= Agias of Sparta =

5th-century Spartan seer

Agias (Gr. Ἀγίας), the son of Agelochus and grandson of Tisamenus of Elea, was the Spartan seer of Lysander, who predicted that general's victory at the battle of Aegospotami in 404 BC. Some ancient writers considered Agias' prediction—that Lysander would capture the entire fleet except for ten triremes (which fled to Corcyra)--to have been the cause of the victory more than a mere prediction. Pausanias mentions seeing a bronze statue of Agias at the altar of Augustus in the marketplace in Sparta. There was also a statue in Delphi of both Agias and Lysander, reputedly erected by Lysander, which has been partially recovered, at the ex voto of the Lacaedemonians.
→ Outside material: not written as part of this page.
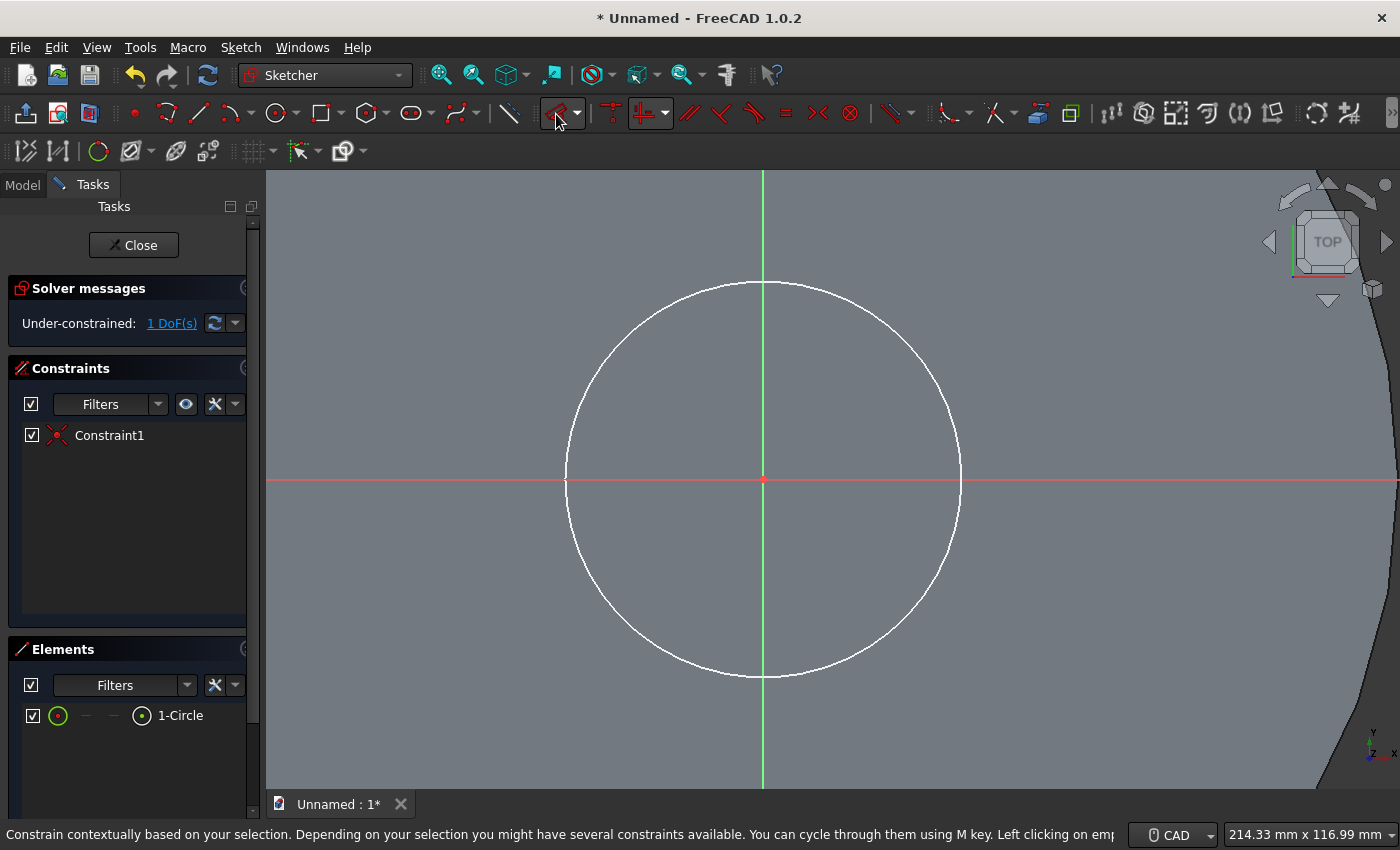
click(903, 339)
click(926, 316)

It was a rectangular exedra; in the Sanctuary of Apollo, on the northern side of the Sacred Way, west of the Bull of the Corcyreans. Dated ca. 403 BC.

== Recognition ==
With spoils from the recent victory at Aigospotamoi, Lysander commanded statues be built for his military commanders. This was the first time in the history of Sparta that statues of living military commanders were created. There were approximately 39 statues created, the 9 in the front row included Lysander himself, immediately next to him were the statues of Agias, and Hermon, the commander of his Flagship. The statue of Agias is somewhat unique in that it was the only one created by Pison of Kalaureia.